SOURCE MATERIAL:
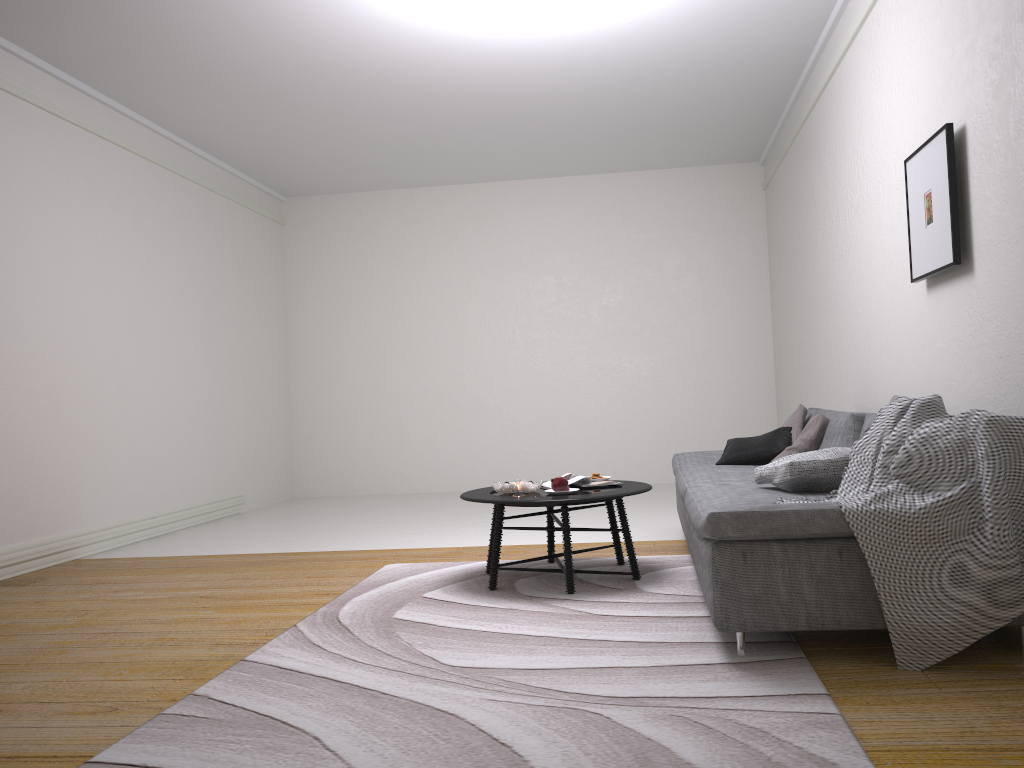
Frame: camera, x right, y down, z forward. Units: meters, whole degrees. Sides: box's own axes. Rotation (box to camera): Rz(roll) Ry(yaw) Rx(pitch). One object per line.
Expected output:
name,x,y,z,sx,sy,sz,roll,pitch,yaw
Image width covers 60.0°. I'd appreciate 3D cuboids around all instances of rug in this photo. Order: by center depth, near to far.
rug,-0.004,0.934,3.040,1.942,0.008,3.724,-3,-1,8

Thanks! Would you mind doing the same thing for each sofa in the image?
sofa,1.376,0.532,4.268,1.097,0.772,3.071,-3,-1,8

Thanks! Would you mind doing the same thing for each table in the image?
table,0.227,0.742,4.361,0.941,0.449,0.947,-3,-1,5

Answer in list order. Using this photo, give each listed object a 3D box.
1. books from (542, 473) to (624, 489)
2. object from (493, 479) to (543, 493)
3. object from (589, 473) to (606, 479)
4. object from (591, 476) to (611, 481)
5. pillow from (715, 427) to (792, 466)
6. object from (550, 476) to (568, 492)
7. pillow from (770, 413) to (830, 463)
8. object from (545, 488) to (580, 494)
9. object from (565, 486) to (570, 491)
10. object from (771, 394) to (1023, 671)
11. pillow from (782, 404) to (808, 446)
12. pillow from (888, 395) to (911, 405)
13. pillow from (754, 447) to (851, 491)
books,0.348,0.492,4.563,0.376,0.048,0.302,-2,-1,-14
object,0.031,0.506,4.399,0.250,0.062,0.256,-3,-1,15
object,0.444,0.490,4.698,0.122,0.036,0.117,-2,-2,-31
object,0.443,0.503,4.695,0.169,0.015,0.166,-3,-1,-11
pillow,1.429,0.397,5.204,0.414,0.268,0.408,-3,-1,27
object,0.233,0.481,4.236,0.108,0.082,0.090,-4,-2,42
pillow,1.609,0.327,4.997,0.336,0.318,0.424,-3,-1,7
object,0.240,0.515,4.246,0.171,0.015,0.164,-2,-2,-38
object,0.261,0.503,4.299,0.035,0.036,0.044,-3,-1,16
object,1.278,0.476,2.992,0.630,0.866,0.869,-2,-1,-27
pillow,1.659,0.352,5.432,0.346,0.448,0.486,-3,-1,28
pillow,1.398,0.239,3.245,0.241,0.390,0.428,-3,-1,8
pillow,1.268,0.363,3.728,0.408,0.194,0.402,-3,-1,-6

YOUR INSTRUCTIONS: Within the material above, transcribe exactly the lines that run from the line holding "11. pillow from (782, 404) to (808, 446)" through the line holding "12. pillow from (888, 395) to (911, 405)".

SOLUTION FOR THIS PROBLEM:
11. pillow from (782, 404) to (808, 446)
12. pillow from (888, 395) to (911, 405)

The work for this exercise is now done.